Bob Badour - 30 Aug 2007 21:43 GMT >>>>"JOG" <j...@cs.nott.ac.uk> wrote in message >> [quoted text clipped - 202 lines] > Off the top of my head, I'd say record either format and specify in > the set's intension that SSN<-> empID. I was thinking more along the lines of say a schedule relation:
Teacher Room Time Jim 100 4:00pm Bob 100 3:00pm Bob 200 4:00pm Jim 200 3:00pm
It has two candidate keys {Teacher,Time} and {Room,Time}
Neo - 30 Aug 2007 22:42 GMT > Teacher Room Time > Jim 100 4:00pm > Bob 100 3:00pm > Bob 200 4:00pm > Jim 200 3:00pm Below dbd script models above.
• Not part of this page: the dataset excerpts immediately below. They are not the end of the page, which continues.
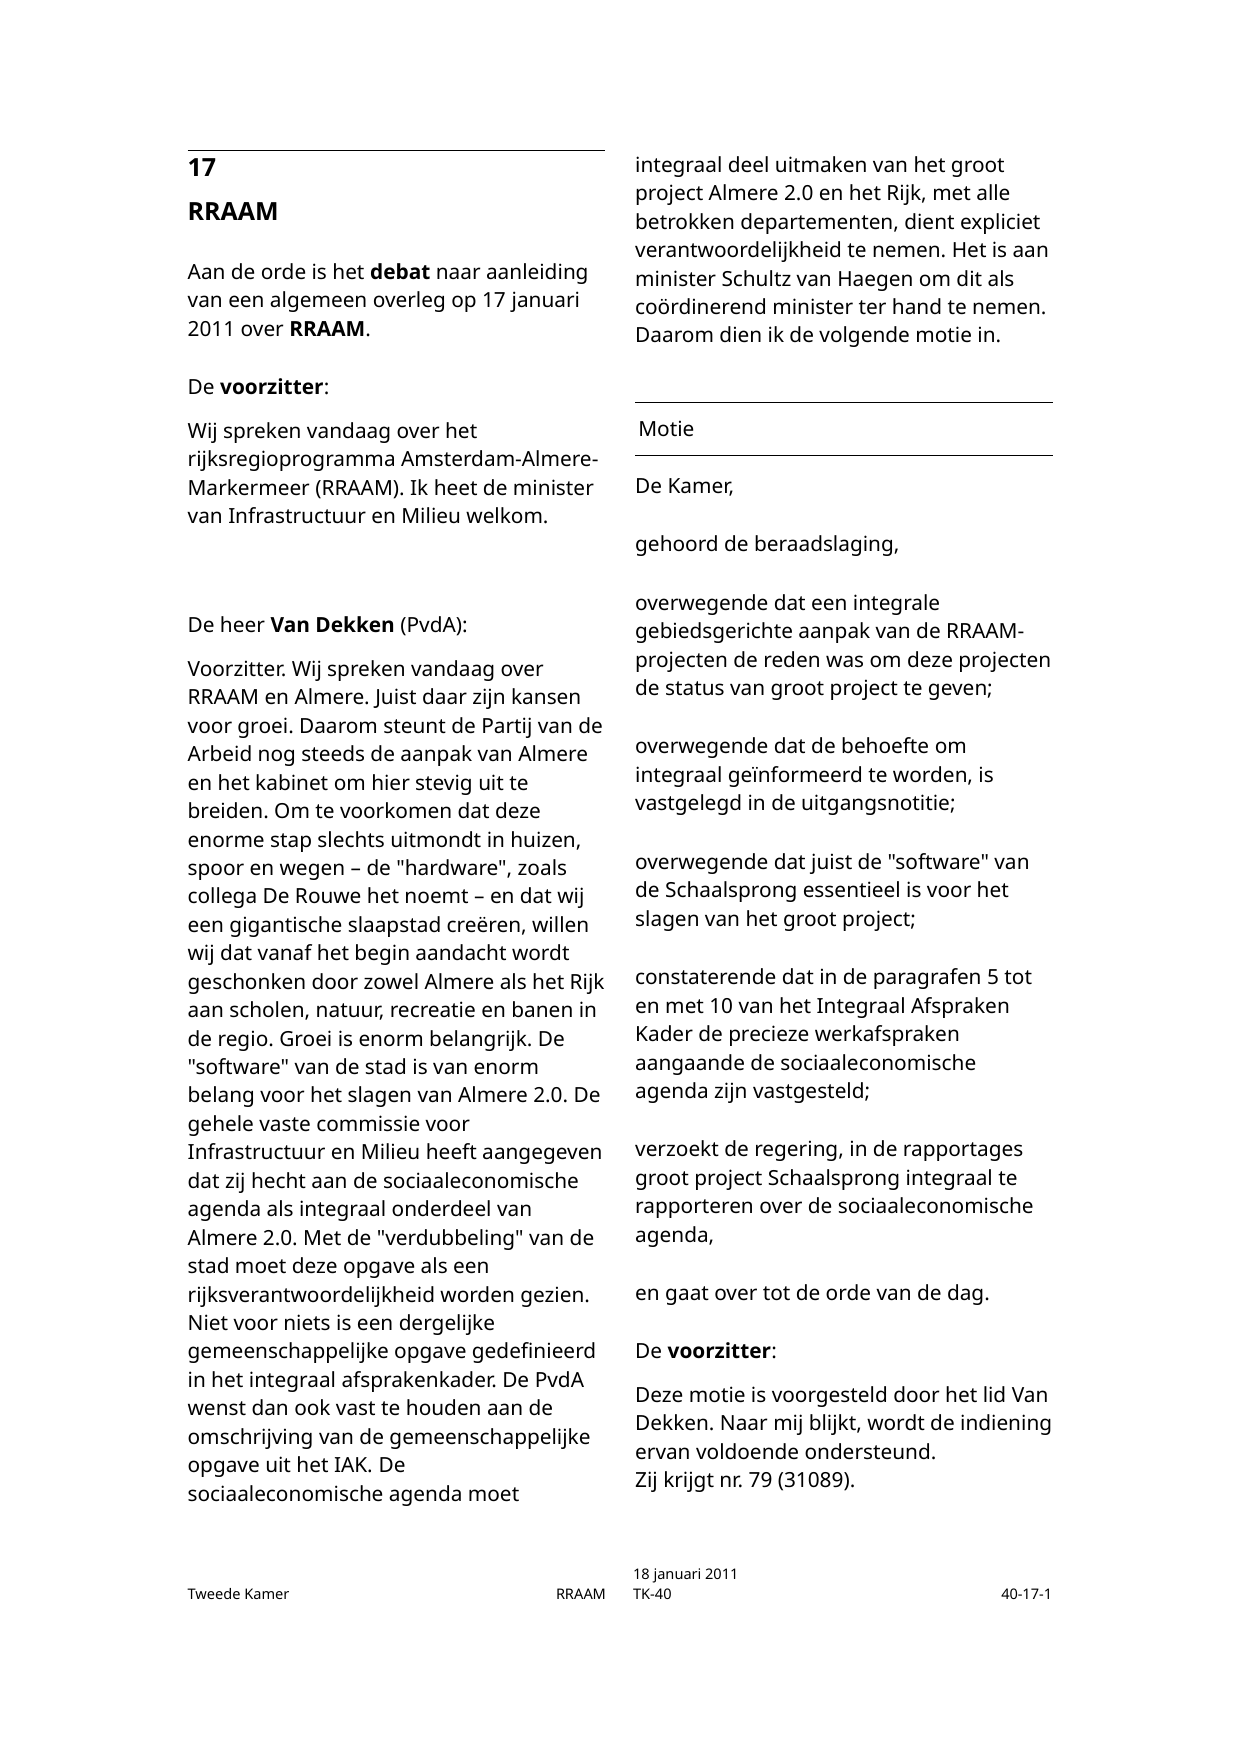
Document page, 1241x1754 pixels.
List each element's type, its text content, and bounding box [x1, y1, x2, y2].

text en gaat over tot de orde van de dag. [635, 1278, 1053, 1307]
text constaterende dat in de paragrafen 5 tot en met 10 van het Integraal Afspraken Kader de precieze werkafspraken aangaande de sociaaleconomische agenda zijn vastgesteld; [635, 962, 1053, 1104]
text overwegende dat juist de "software" van de Schaalsprong essentieel is voor het slagen van het groot project; [635, 847, 1053, 932]
text De voorzitter: [187, 372, 605, 401]
subtitle Motie [635, 403, 1053, 455]
text  [187, 560, 605, 588]
text De Kamer, [635, 471, 1053, 499]
text Deze motie is voorgesteld door het lid Van Dekken. Naar mij blijkt, wordt de indiening ervan voldoende ondersteund. [635, 1380, 1053, 1465]
text De heer Van Dekken (PvdA): [187, 611, 605, 639]
text Wij spreken vandaag over het rijksregioprogramma Amsterdam-Almere-Markermeer (RRAAM). Ik heet de minister van Infrastructuur en Milieu welkom. [187, 416, 605, 530]
text overwegende dat de behoefte om integraal geïnformeerd te worden, is vastgelegd in de uitgangsnotitie; [635, 732, 1053, 817]
text gehoord de beraadslaging, [635, 529, 1053, 558]
text Aan de orde is het debat naar aanleiding van een algemeen overleg op 17 januari 2011 over RRAAM. [187, 257, 605, 342]
text RRAAM [187, 193, 605, 227]
text integraal deel uitmaken van het groot project Almere 2.0 en het Rijk, met alle betrokken departementen, dient expliciet verantwoordelijkheid te nemen. Het is aan minister Schultz van Haegen om dit als coördinerend minister ter hand te nemen. Daarom dien ik de volgende motie in. [635, 150, 1053, 349]
text Voorzitter. Wij spreken vandaag over RRAAM en Almere. Juist daar zijn kansen voor groei. Daarom steunt de Partij van de Arbeid nog steeds de aanpak van Almere en het kabinet om hier stevig uit te breiden. Om te voorkomen dat deze enorme stap slechts uitmondt in huizen, spoor en wegen – de "hardware", zoals collega De Rouwe het noemt – en dat wij een gigantische slaapstad creëren, willen wij dat vanaf het begin aandacht wordt geschonken door zowel Almere als het Rijk aan scholen, natuur, recreatie en banen in de regio. Groei is enorm belangrijk. De "software" van de stad is van enorm belang voor het slagen van Almere 2.0. De gehele vaste commissie voor Infrastructuur en Milieu heeft aangegeven dat zij hecht aan de sociaaleconomische agenda als integraal onderdeel van Almere 2.0. Met de "verdubbeling" van de stad moet deze opgave als een rijksverantwoordelijkheid worden gezien. Niet voor niets is een dergelijke gemeenschappelijke opgave gedefinieerd in het integraal afsprakenkader. De PvdA wenst dan ook vast te houden aan de omschrijving van de gemeenschappelijke opgave uit het IAK. De sociaaleconomische agenda moet [187, 654, 605, 1507]
text 17 [187, 151, 605, 184]
text Zij krijgt nr. 79 (31089). [635, 1465, 1053, 1494]
text verzoekt de regering, in de rapportages groot project Schaalsprong integraal te rapporteren over de sociaaleconomische agenda, [635, 1134, 1053, 1248]
text De voorzitter: [635, 1337, 1053, 1365]
text overwegende dat een integrale gebiedsgerichte aanpak van de RRAAM-projecten de reden was om deze projecten de status van groot project te geven; [635, 588, 1053, 702]
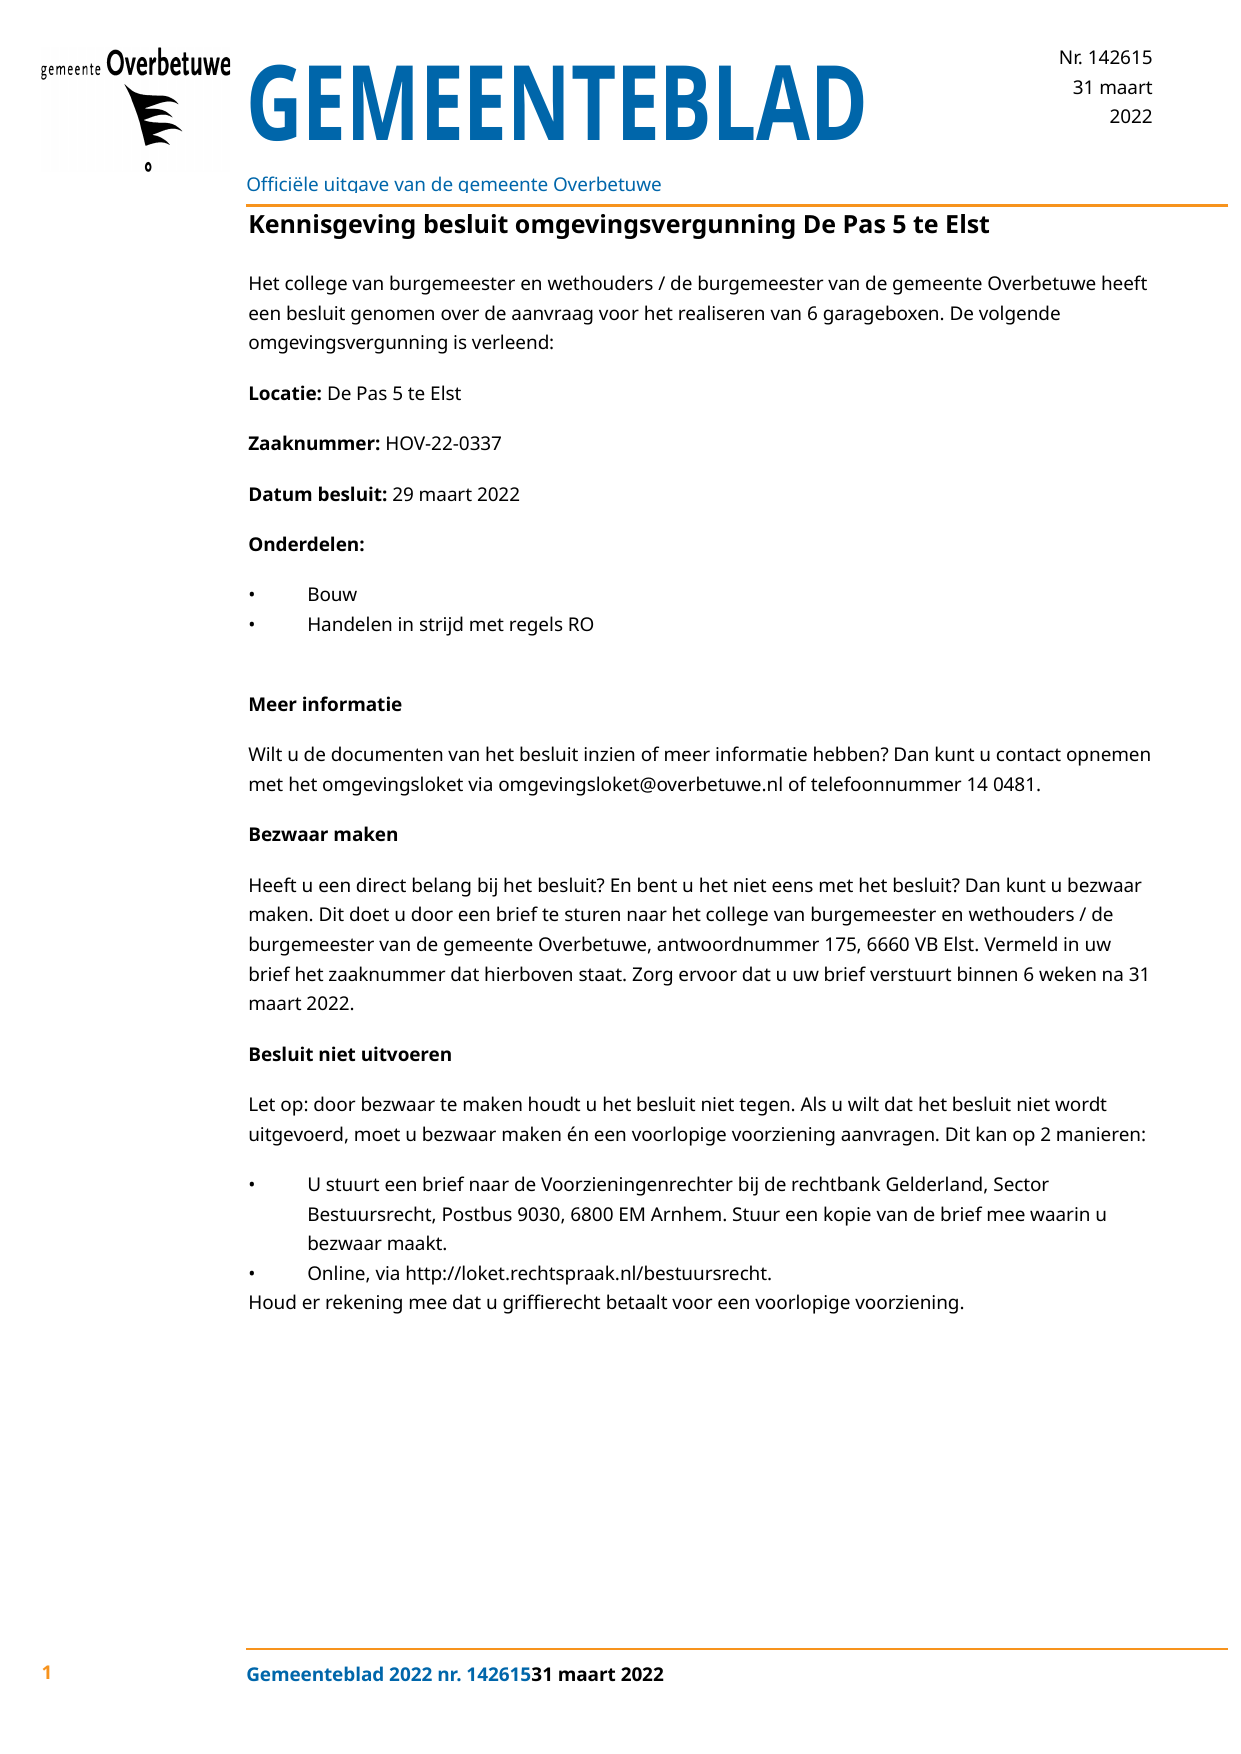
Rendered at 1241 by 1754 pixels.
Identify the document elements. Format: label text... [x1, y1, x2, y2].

text Wilt u de documenten van het besluit inzien of meer informatie hebben? Dan kunt u contact opnemen met het omgevingsloket via omgevingsloket@overbetuwe.nl of telefoonnummer 14 0481. [248, 742, 1152, 797]
text Zaaknummer: HOV-22-0337 [248, 430, 1152, 456]
list Bouw [248, 582, 1152, 607]
text Onderdelen: [248, 531, 1152, 557]
list U stuurt een brief naar de Voorzieningenrechter bij de rechtbank Gelderland, Sector Bestuursrecht, Postbus 9030, 6800 EM Arnhem. Stuur een kopie van de brief mee waarin u bezwaar maakt. [248, 1171, 1152, 1256]
picture [41, 47, 231, 172]
text Let op: door bezwaar te maken houdt u het besluit niet tegen. Als u wilt dat het besluit niet wordt uitgevoerd, moet u bezwaar maken én een voorlopige voorziening aanvragen. Dit kan op 2 manieren: [248, 1091, 1152, 1146]
text Houd er rekening mee dat u griffierecht betaalt voor een voorlopige voorziening. [248, 1289, 1152, 1315]
text Kennisgeving besluit omgevingsvergunning De Pas 5 te Elst [248, 207, 1152, 241]
text Bezwaar maken [248, 822, 1152, 847]
list Online, via http://loket.rechtspraak.nl/bestuursrecht. [248, 1260, 1152, 1286]
text Datum besluit: 29 maart 2022 [248, 481, 1152, 506]
text Besluit niet uitvoeren [248, 1041, 1152, 1066]
text Locatie: De Pas 5 te Elst [248, 380, 1152, 406]
text Meer informatie [248, 691, 1152, 717]
text Heeft u een direct belang bij het besluit? En bent u het niet eens met het besluit? Dan kunt u bezwaar maken. Dit doet u door een brief te sturen naar het college van burgemeester en wethouders / de burgemeester van de gemeente Overbetuwe, antwoordnummer 175, 6660 VB Elst. Vermeld in uw brief het zaaknummer dat hierboven staat. Zorg ervoor dat u uw brief verstuurt binnen 6 weken na 31 maart 2022. [248, 872, 1152, 1016]
text Het college van burgemeester en wethouders / de burgemeester van de gemeente Overbetuwe heeft een besluit genomen over de aanvraag voor het realiseren van 6 garageboxen. De volgende omgevingsvergunning is verleend: [248, 270, 1152, 355]
list Handelen in strijd met regels RO [248, 611, 1152, 637]

In addition, Jim, Bob and Brian teach in room 300 at 5:00 pm.
(new 'teacher) (new 'room)
(new 'tuple1 'TeacherRoomTime) (set+ (it) teacher 'jim) (set+ (it) room '100) (set+ (it) time '1600)
(new 'tuple2 'TeacherRoomTime) (set+ (it) teacher 'bob) (set+ (it) room '100) (set+ (it) time '1500)
(new 'tuple3 'TeacherRoomTime) (set+ (it) teacher 'bob) (set+ (it) room '200) (set+ (it) time '1600)
(new 'tuple4 'TeacherRoomTime) (set+ (it) teacher 'jim) (set+ (it) room '200) (set+ (it) time '1500)
(new 'tuple5 'TeacherRoomTime) (set+ (it) teacher 'jim) (set+ (it) teacher 'bob) (set+ (it) teacher 'brian) (set+ (it) room '300) (set+ (it) time '1700)
(; Get teachers for room 300 at time 1700) (; Gets jim, bob and brian) (get (& (get TeacherRoomTime instance *) (get * room 300) (get * time 1700)) teacher *)
JOG - 30 Aug 2007 23:46 GMT > >>>>"JOG" <j...@cs.nott.ac.uk> wrote in message > [quoted text clipped - 212 lines] > > It has two candidate keys {Teacher,Time} and {Room,Time} Ahhh, the good old irreducible tuple, overlapping superkey example. Its been too long I tell you, too long. A good example. However, theres a much better reasoning against my 'left of the -> is the key' reasoning. I like to call it the 'that makes no sense whatsoever' complaint. Or the 'thats enough whisky for you' retort. I wrote nay but a few posts back:
[P1] Name(x, Jim) -> speaks_language(x, English) [P2] Name(x, Jim) -> speaks_language(x, German)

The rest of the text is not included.